Спорить я с ним не стал — без толку, да и не в моих правилах. А вот Сорока, стоявший рядом, не утерпел. Вынул трубку, сплюнул под ноги и проговорил, ни к кому будто бы не обращаясь, в пространство:
— Оно конечно. Грудью оно красивше. Только грудью-то, вашбродие, в лазарет возят, а с умом — домой. Я под Мукденом этих, что грудью, навидался. Геройски полегли, упокой их Господь. А японец как сидел, так и сидел.
Ротный побагровел, не нашёлся, что ответить простому ефрейтору, и набрал уже воздуху — пожаловаться, потребовать дерзкого нижнего чина под арест.
— Сорока, смирно! — оборвал я, прежде чем тот успел открыть рот. Сорока вытянулся, смолчал — а по глазам было видно: от сказанного не отступил ни на вершок. Ротный потоптался, смерил нас обоих тяжёлым взглядом, да связываться с прапорщиком из-за чужого ефрейтора счёл ниже себя — повернулся и отошёл. А я подумал, что Сорока мой стоит десятка таких уставников, и что отповедь ему я закатил для одной видимости, по чину.

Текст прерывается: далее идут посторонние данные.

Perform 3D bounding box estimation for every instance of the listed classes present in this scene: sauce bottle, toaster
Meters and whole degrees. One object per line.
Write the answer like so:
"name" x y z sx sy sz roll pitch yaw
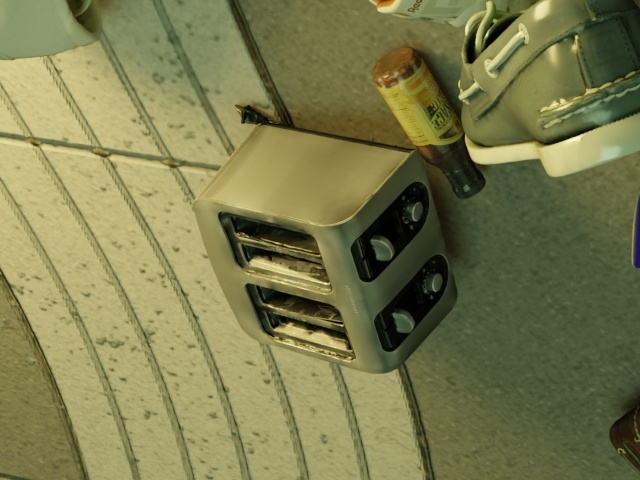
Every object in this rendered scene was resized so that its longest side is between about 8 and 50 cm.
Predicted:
"sauce bottle" 0.086 -0.088 1.141 0.042 0.042 0.128 -16 124 34
"toaster" 0.000 0.000 1.188 0.186 0.110 0.168 14 138 33

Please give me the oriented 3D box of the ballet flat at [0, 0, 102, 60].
"ballet flat" -0.197 -0.288 1.044 0.139 0.139 0.400 19 139 7

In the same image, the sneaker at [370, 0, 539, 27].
"sneaker" 0.109 -0.169 1.001 0.290 0.123 0.106 21 133 3

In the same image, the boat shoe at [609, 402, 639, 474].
"boat shoe" 0.339 0.211 1.279 0.207 0.073 0.073 43 135 -7

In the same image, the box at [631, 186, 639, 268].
"box" 0.295 -0.033 1.034 0.137 0.126 0.072 9 131 17

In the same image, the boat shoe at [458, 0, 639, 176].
"boat shoe" 0.139 -0.105 0.897 0.116 0.319 0.099 -23 98 0
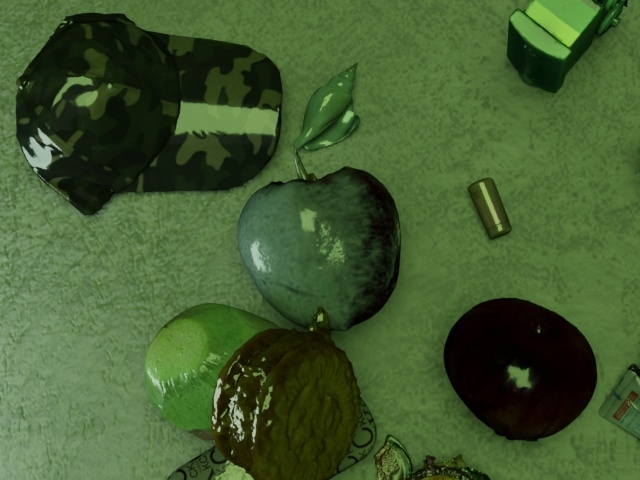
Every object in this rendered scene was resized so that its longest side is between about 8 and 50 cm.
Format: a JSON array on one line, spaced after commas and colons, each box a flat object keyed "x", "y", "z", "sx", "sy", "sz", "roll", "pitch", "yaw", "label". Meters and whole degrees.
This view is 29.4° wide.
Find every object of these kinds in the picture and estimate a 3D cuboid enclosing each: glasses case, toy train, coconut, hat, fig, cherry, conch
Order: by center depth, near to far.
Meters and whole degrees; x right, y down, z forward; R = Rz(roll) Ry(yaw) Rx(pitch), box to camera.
[{"x": 0.300, "y": 0.202, "z": 1.863, "sx": 0.214, "sy": 0.235, "sz": 0.235, "roll": -42, "pitch": 76, "yaw": 32, "label": "fig"}, {"x": -0.155, "y": 0.204, "z": 1.888, "sx": 0.205, "sy": 0.236, "sz": 0.236, "roll": 27, "pitch": 78, "yaw": 42, "label": "coconut"}, {"x": -0.080, "y": 0.349, "z": 1.909, "sx": 0.355, "sy": 0.085, "sz": 0.137, "roll": -30, "pitch": 80, "yaw": -5, "label": "glasses case"}, {"x": 0.000, "y": 0.000, "z": 1.914, "sx": 0.255, "sy": 0.218, "sz": 0.296, "roll": -13, "pitch": 83, "yaw": -7, "label": "cherry"}, {"x": 0.393, "y": -0.353, "z": 1.936, "sx": 0.120, "sy": 0.301, "sz": 0.202, "roll": 40, "pitch": 92, "yaw": 9, "label": "toy train"}, {"x": -0.271, "y": -0.230, "z": 1.992, "sx": 0.382, "sy": 0.257, "sz": 0.366, "roll": -3, "pitch": 79, "yaw": 22, "label": "hat"}, {"x": 0.019, "y": -0.220, "z": 2.046, "sx": 0.065, "sy": 0.088, "sz": 0.180, "roll": 29, "pitch": 86, "yaw": 52, "label": "conch"}]

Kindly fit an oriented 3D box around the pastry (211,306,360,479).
[{"x": -0.035, "y": 0.249, "z": 1.777, "sx": 0.235, "sy": 0.132, "sz": 0.240, "roll": -22, "pitch": 119, "yaw": -37, "label": "pastry"}]

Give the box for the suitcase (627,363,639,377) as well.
[{"x": 0.558, "y": 0.211, "z": 1.908, "sx": 0.126, "sy": 0.086, "sz": 0.059, "roll": 41, "pitch": 56, "yaw": 10, "label": "suitcase"}]

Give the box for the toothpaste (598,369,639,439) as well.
[{"x": 0.555, "y": 0.306, "z": 1.905, "sx": 0.234, "sy": 0.057, "sz": 0.089, "roll": 36, "pitch": 105, "yaw": 11, "label": "toothpaste"}]

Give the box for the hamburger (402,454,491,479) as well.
[{"x": 0.187, "y": 0.420, "z": 1.865, "sx": 0.190, "sy": 0.093, "sz": 0.164, "roll": -37, "pitch": 94, "yaw": -9, "label": "hamburger"}]

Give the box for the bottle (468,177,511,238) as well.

Поглядим, сказал я себе. Покажет дело, кто прав. Слова дёшевы. Цена слову — в поле, ночью, под пулей.
А команда моя меж тем сбивалась, прирастала духом. Вечерами охотники держались уже наособицу от прочих — не чванясь, а так, по-свойски, как держится всякая отобранная горстка, что знает за собой особое дело.

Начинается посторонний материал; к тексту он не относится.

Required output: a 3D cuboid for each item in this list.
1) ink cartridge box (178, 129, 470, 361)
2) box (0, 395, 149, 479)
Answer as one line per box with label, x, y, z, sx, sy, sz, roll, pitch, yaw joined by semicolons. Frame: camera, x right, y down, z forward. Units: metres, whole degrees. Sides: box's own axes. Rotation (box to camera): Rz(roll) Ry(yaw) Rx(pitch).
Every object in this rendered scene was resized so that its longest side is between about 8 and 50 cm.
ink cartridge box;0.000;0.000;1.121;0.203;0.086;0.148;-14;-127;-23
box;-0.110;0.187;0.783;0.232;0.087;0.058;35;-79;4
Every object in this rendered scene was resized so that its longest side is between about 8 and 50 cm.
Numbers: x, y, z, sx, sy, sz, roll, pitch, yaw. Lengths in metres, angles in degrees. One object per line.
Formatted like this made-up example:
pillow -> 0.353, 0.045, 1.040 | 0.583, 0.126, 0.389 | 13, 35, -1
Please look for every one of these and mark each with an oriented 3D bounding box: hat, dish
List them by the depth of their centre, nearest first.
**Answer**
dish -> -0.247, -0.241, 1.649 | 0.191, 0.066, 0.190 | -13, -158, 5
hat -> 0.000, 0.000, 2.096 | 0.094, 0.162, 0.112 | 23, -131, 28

Случай выпал скорее, чем я думал, — на третью же ночь.
Заслон, про который говорил Окунев, и впрямь сидел поперёк дороги — в фольварке на бугре, при пулемёте, держал подходы намертво. Днём сунулись было соседи в лоб — и откатились, оставив на поле десяток. К вечеру Окунев позвал меня. Вот тебе, прапорщик, твой случай. Снять можешь? Могу, сказал я. И в ночь повёл своих.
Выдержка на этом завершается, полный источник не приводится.